Exercise objective: Without the images, repeat every line of the listing exactly.

Data to process:
★ ★ ★ ★

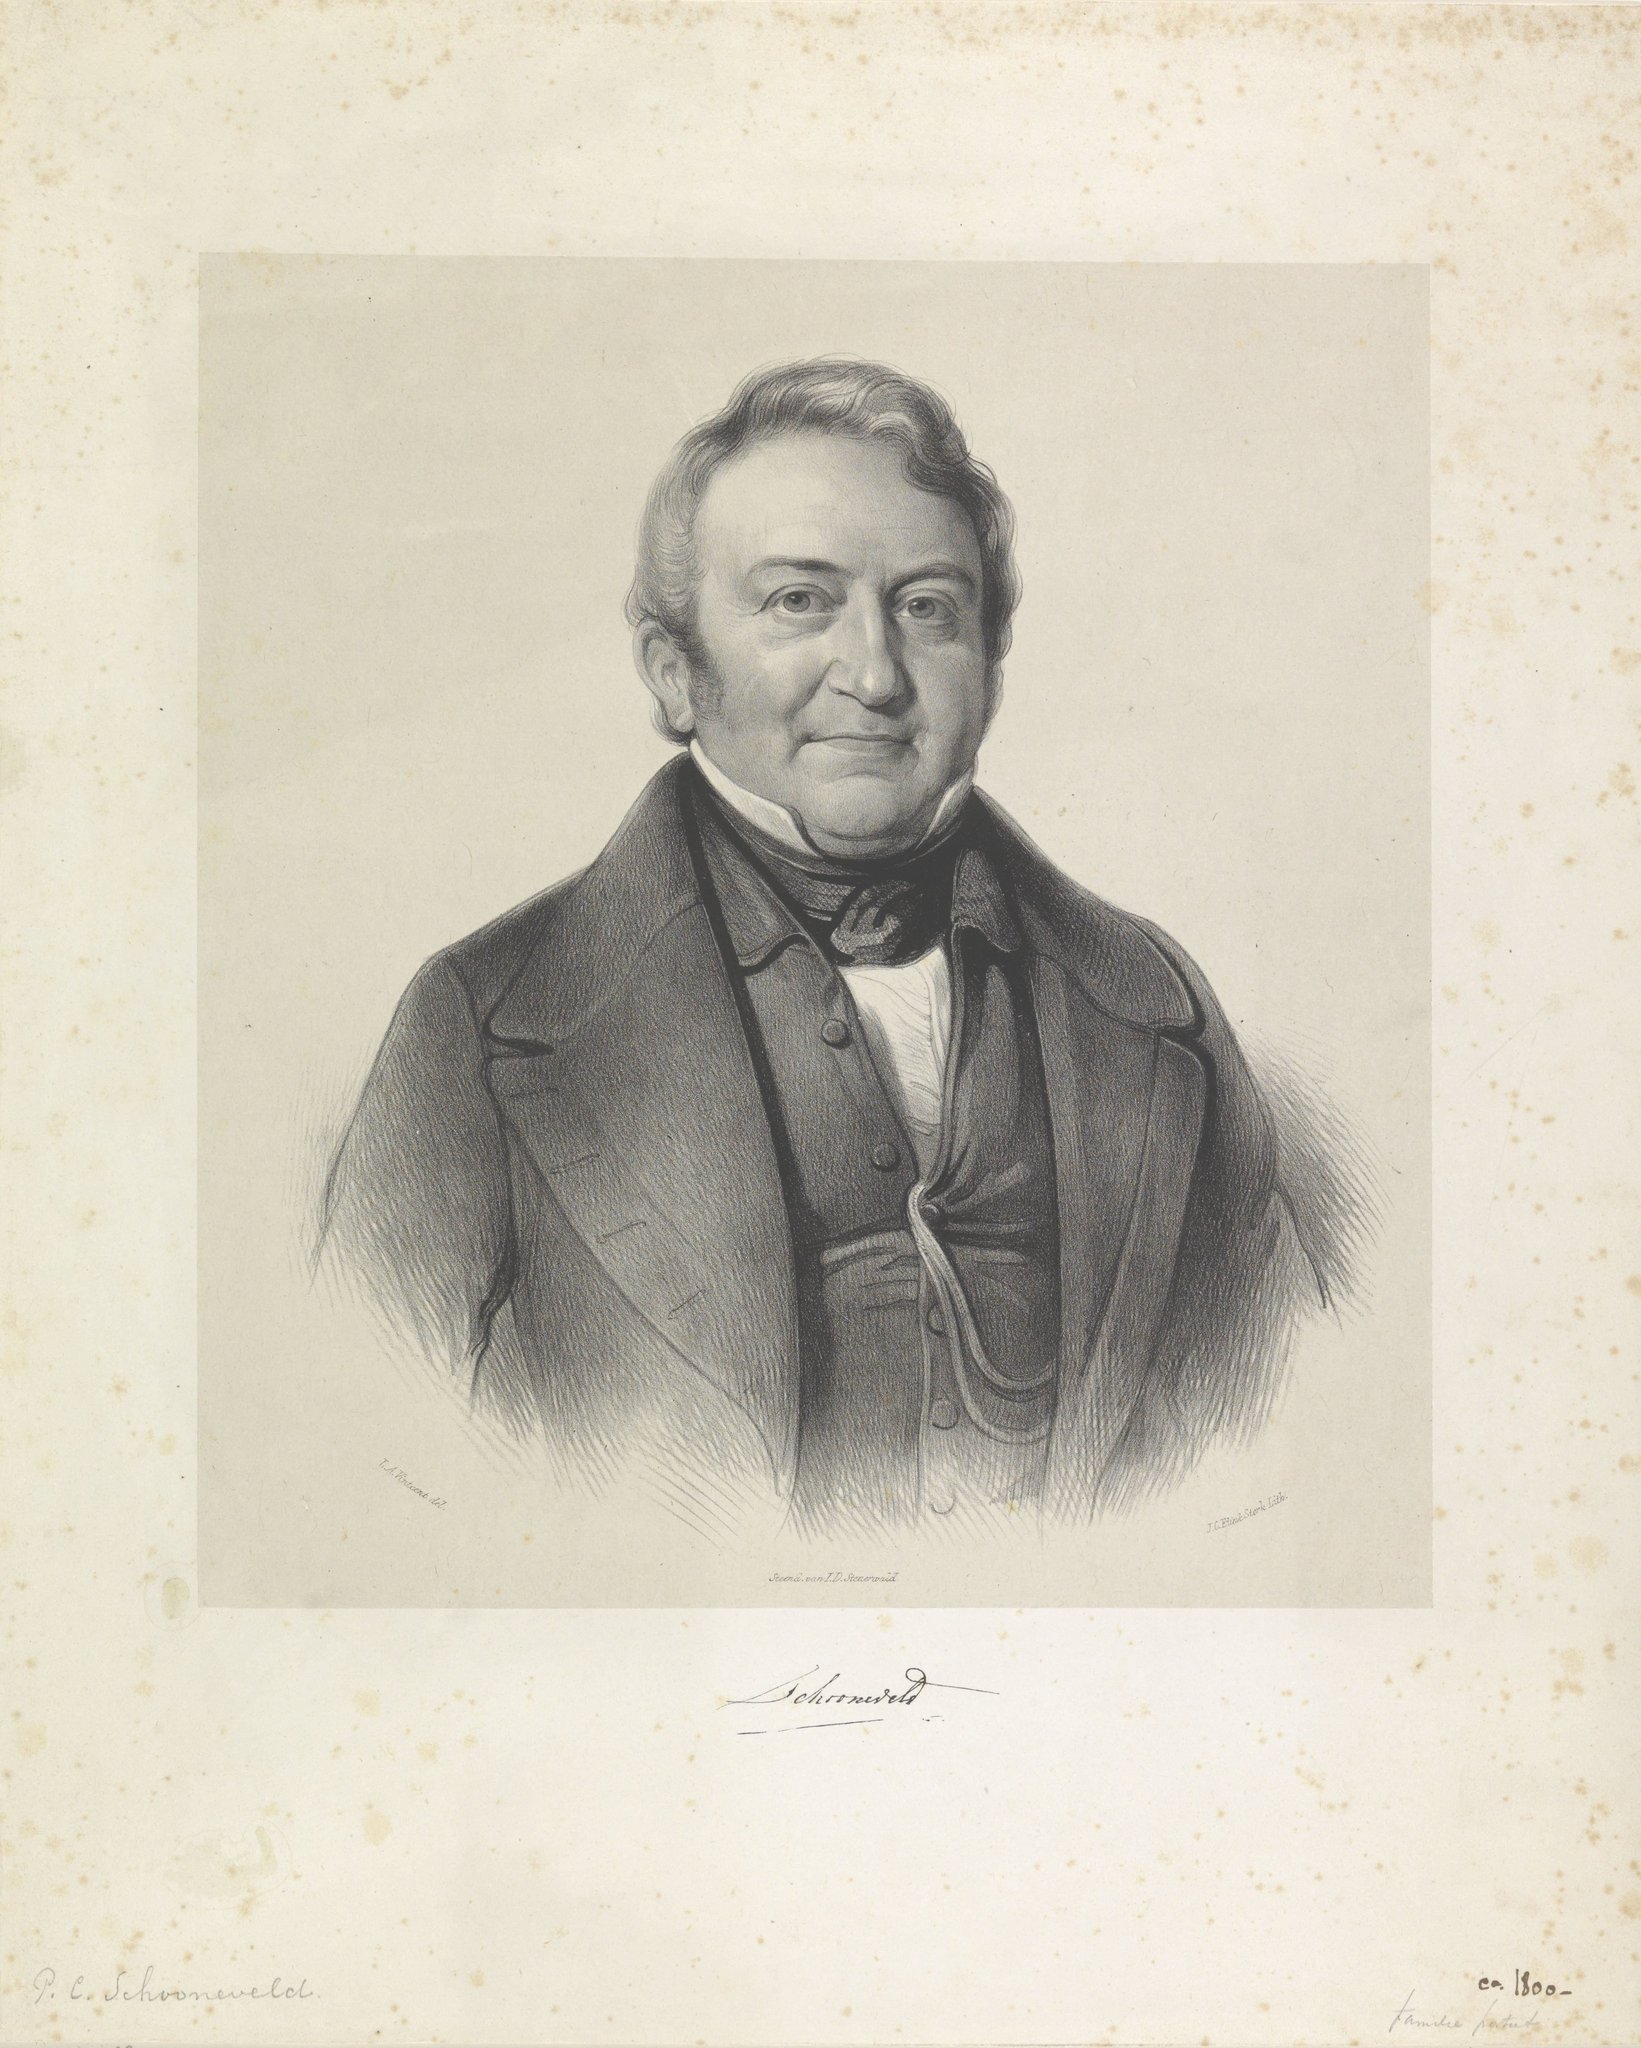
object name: print
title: Portret van Pieter Carel Schooneveld
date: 1822-1853
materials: paper
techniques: lithograph
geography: the hague
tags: amsterdam, historical persons (+ (full) bust portrait)
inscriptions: collector's mark: Lugt 2228
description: De geportretteerde draagt een open jas, opstaande kraag en gestrikte das. Aan zijn vest zit een horlogeketting of lint. Onder het portret zijn signatuur.
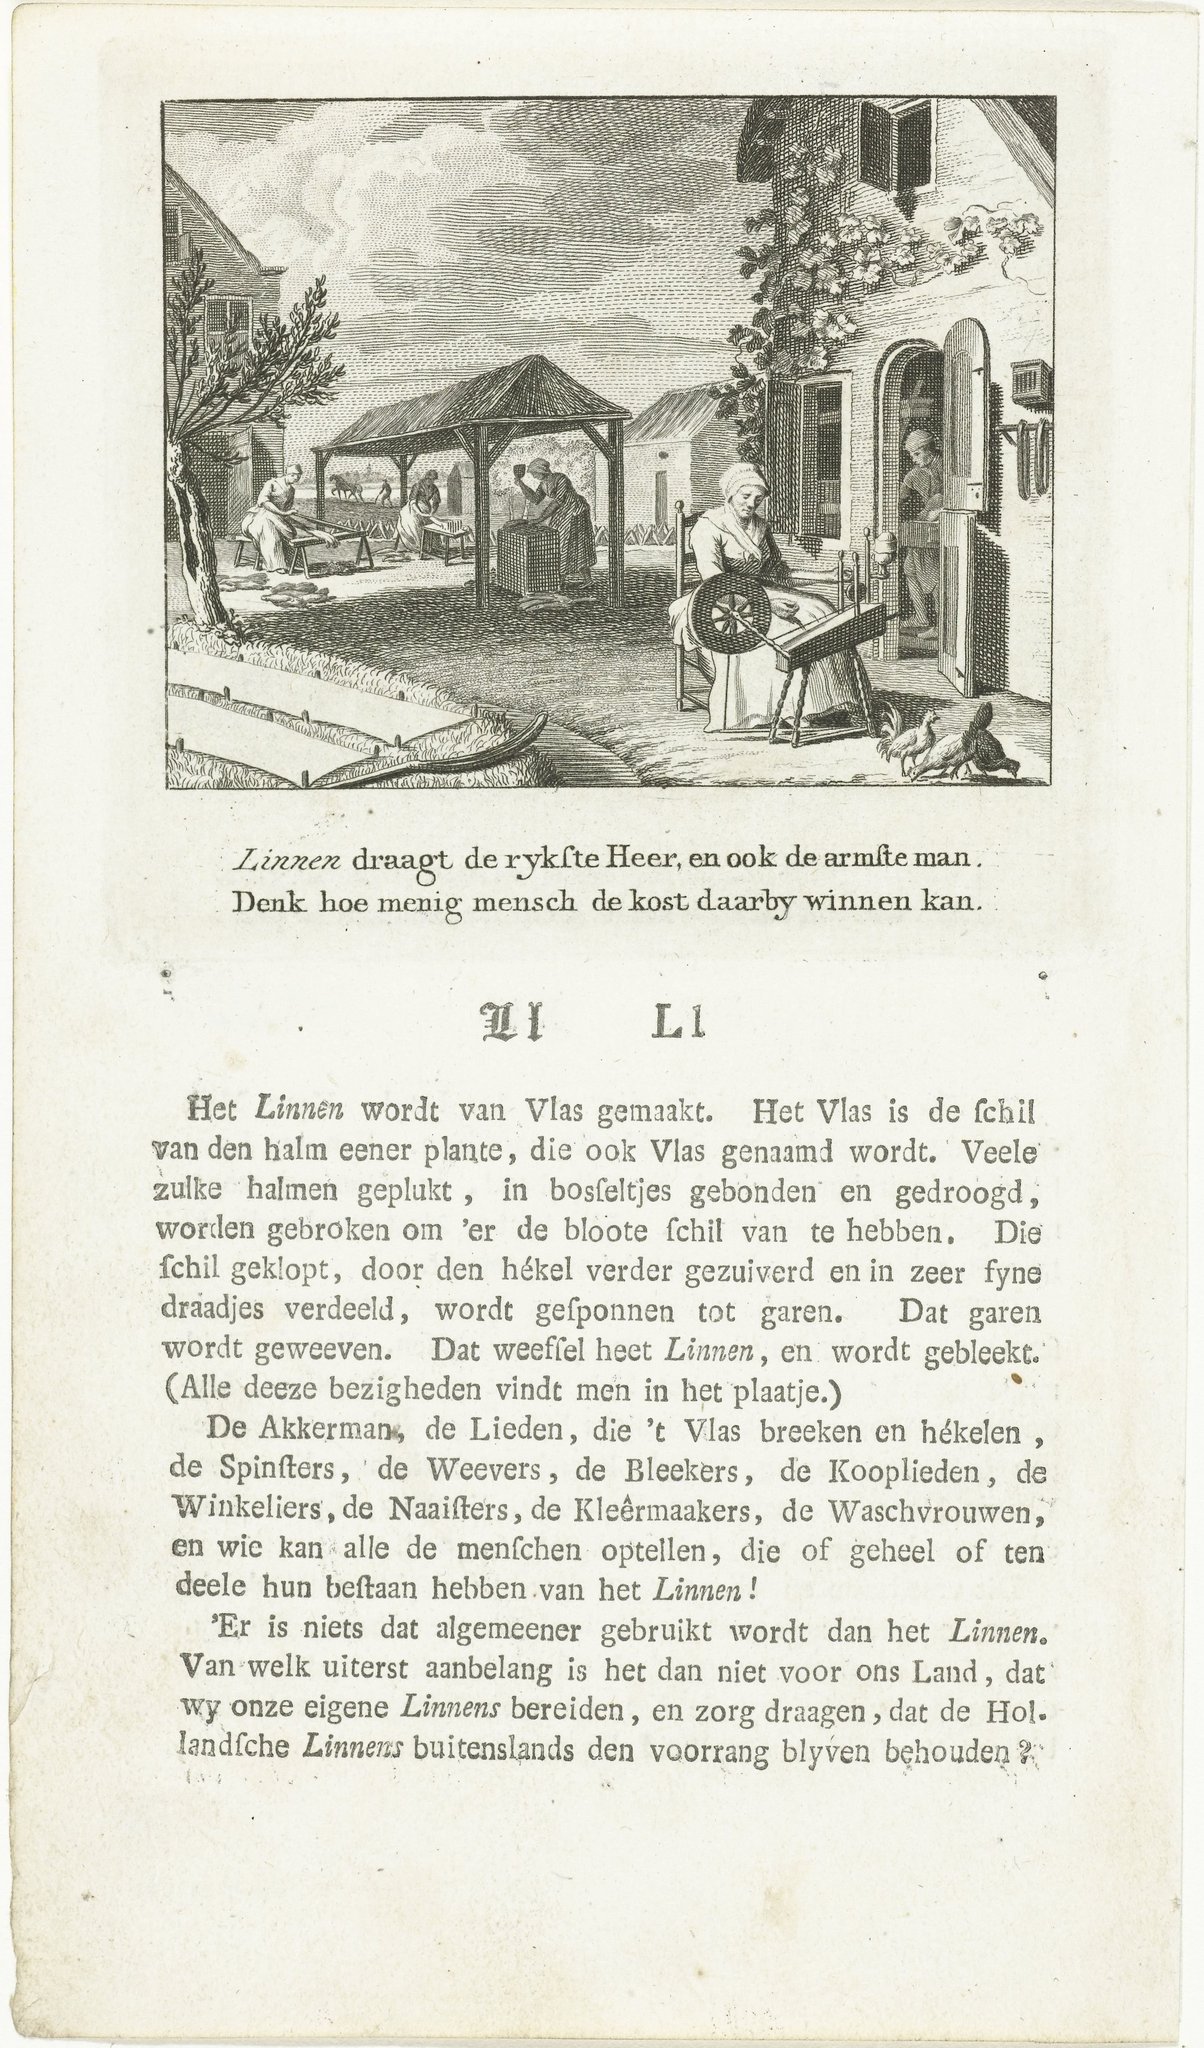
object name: book illustration
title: De productie van linnen
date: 1781
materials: paper
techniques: etching
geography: amsterdam
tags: spinning-wheel, laying the wash out to dry, fashion, clothing (+ materials used for clothes)
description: Illustratie voor de letter L in het 'Vaderlandsch A-B boek, voor de Nederlandsche jeugd' door J.H. Swilden. Vrouwen zijn in de buitenlucht bezig met de productie van linnen. Onder een afdak zijn drie vrouwen bezig met het voorbereiden van de grondstof. Op de voorgrond is een vrouw aan het spinnen. Op het gras liggen linnen doeken te drogen. Onder de afbeelding een tweeregelig versje. Onder de letter een beschrijving van het begrip.
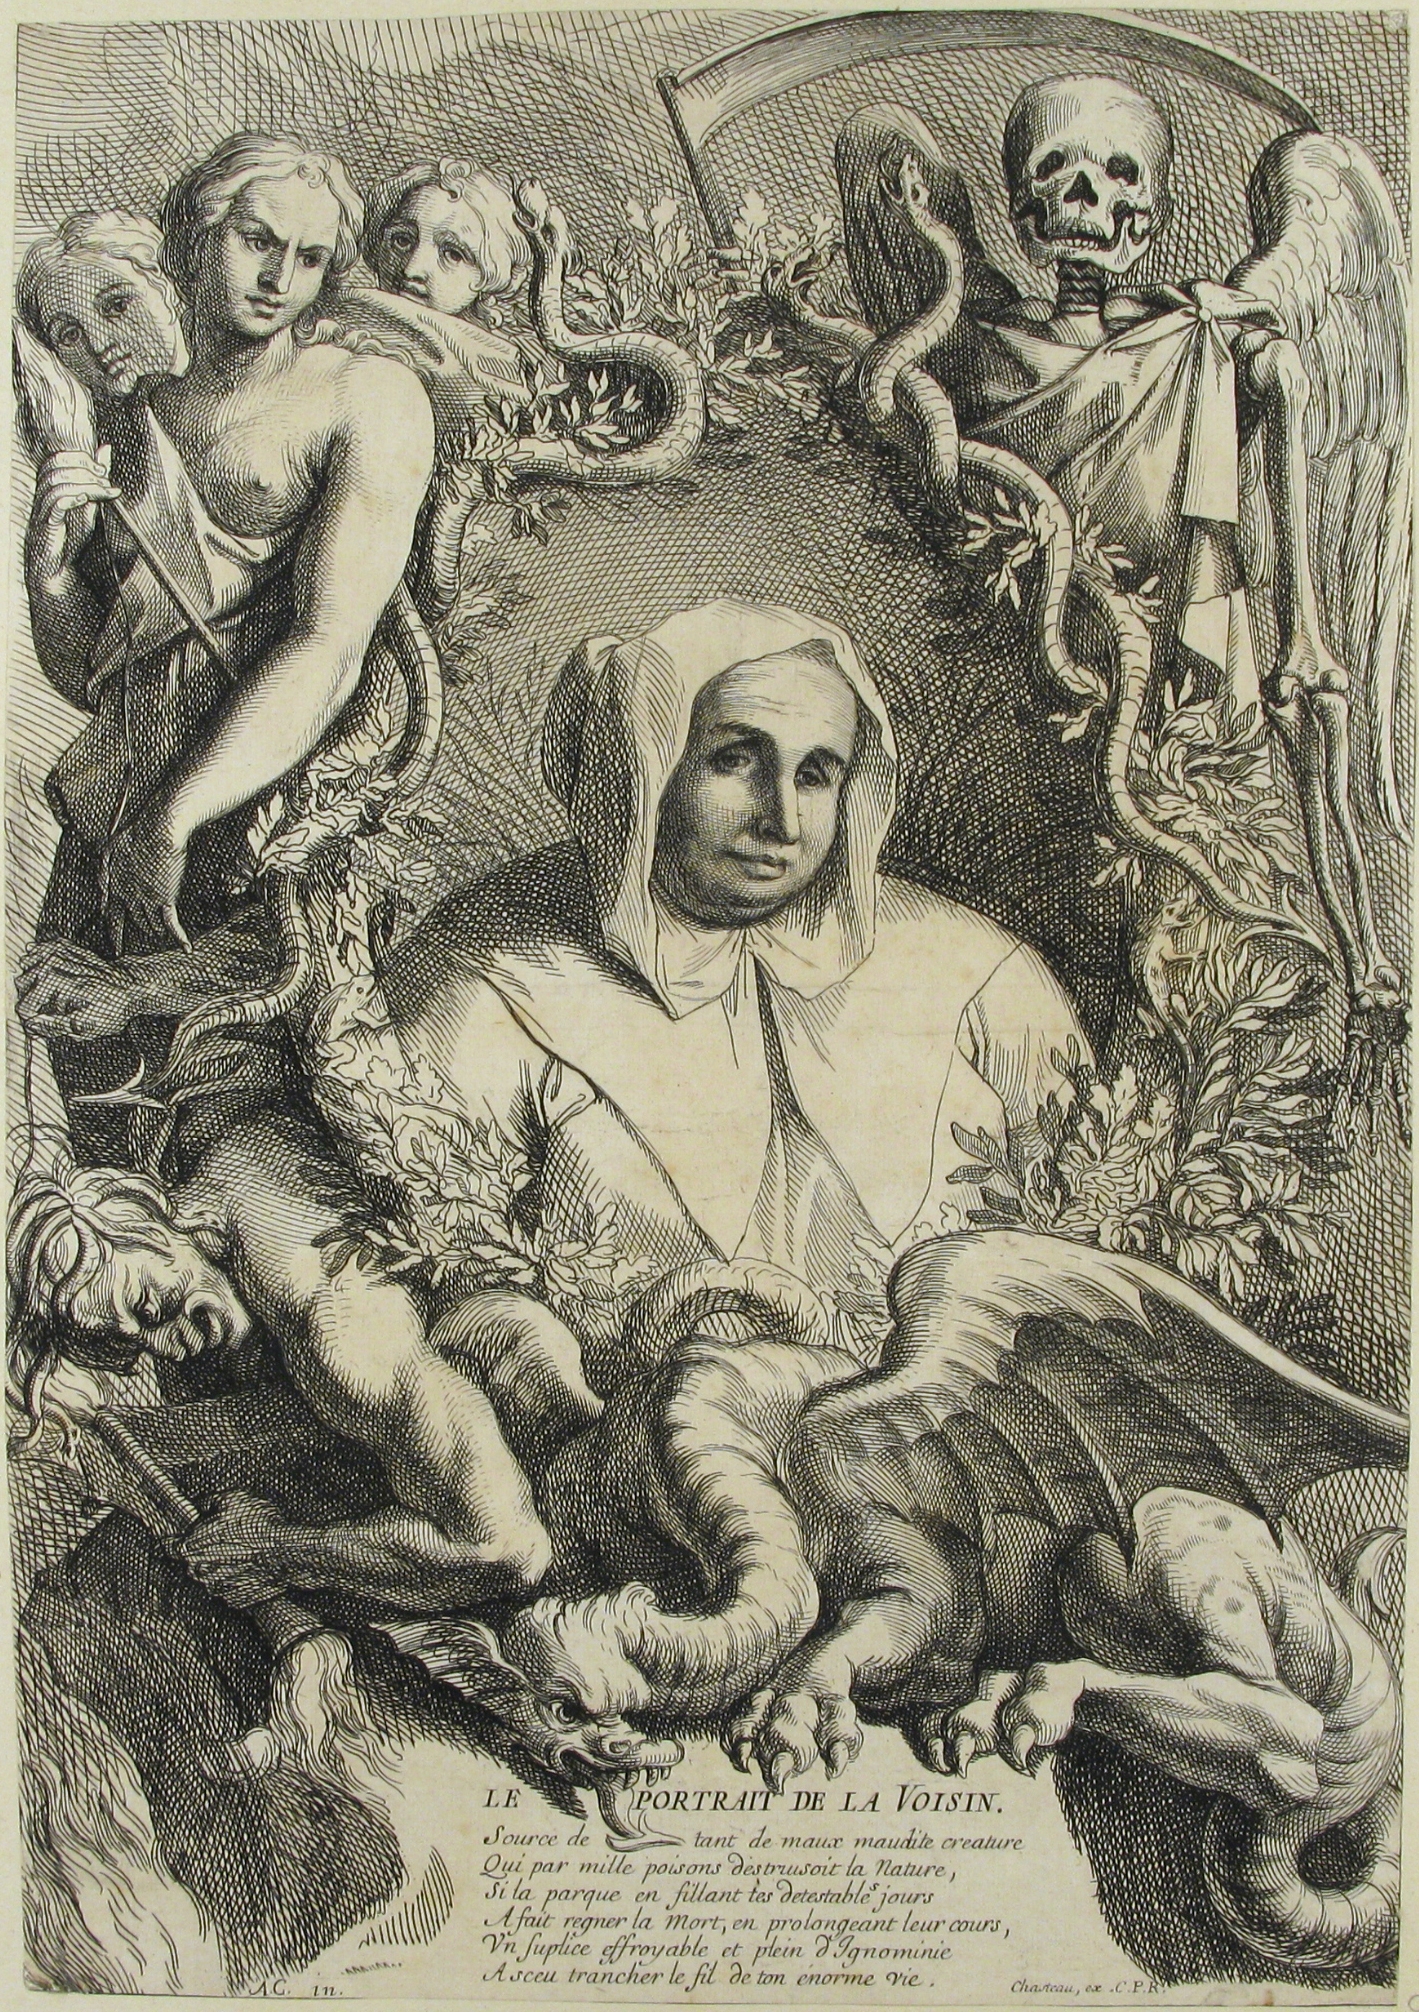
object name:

★ ★ ★ ★

Written answer:
object name: print
title: Portret van Pieter Carel Schooneveld
date: 1822-1853
materials: paper
techniques: lithograph
geography: the hague
tags: amsterdam, historical persons (+ (full) bust portrait)
inscriptions: collector's mark: Lugt 2228
description: De geportretteerde draagt een open jas, opstaande kraag en gestrikte das. Aan zijn vest zit een horlogeketting of lint. Onder het portret zijn signatuur.
object name: book illustration
title: De productie van linnen
date: 1781
materials: paper
techniques: etching
geography: amsterdam
tags: spinning-wheel, laying the wash out to dry, fashion, clothing (+ materials used for clothes)
description: Illustratie voor de letter L in het 'Vaderlandsch A-B boek, voor de Nederlandsche jeugd' door J.H. Swilden. Vrouwen zijn in de buitenlucht bezig met de productie van linnen. Onder een afdak zijn drie vrouwen bezig met het voorbereiden van de grondstof. Op de voorgrond is een vrouw aan het spinnen. Op het gras liggen linnen doeken te drogen. Onder de afbeelding een tweeregelig versje. Onder de letter een beschrijving van het begrip.
object name:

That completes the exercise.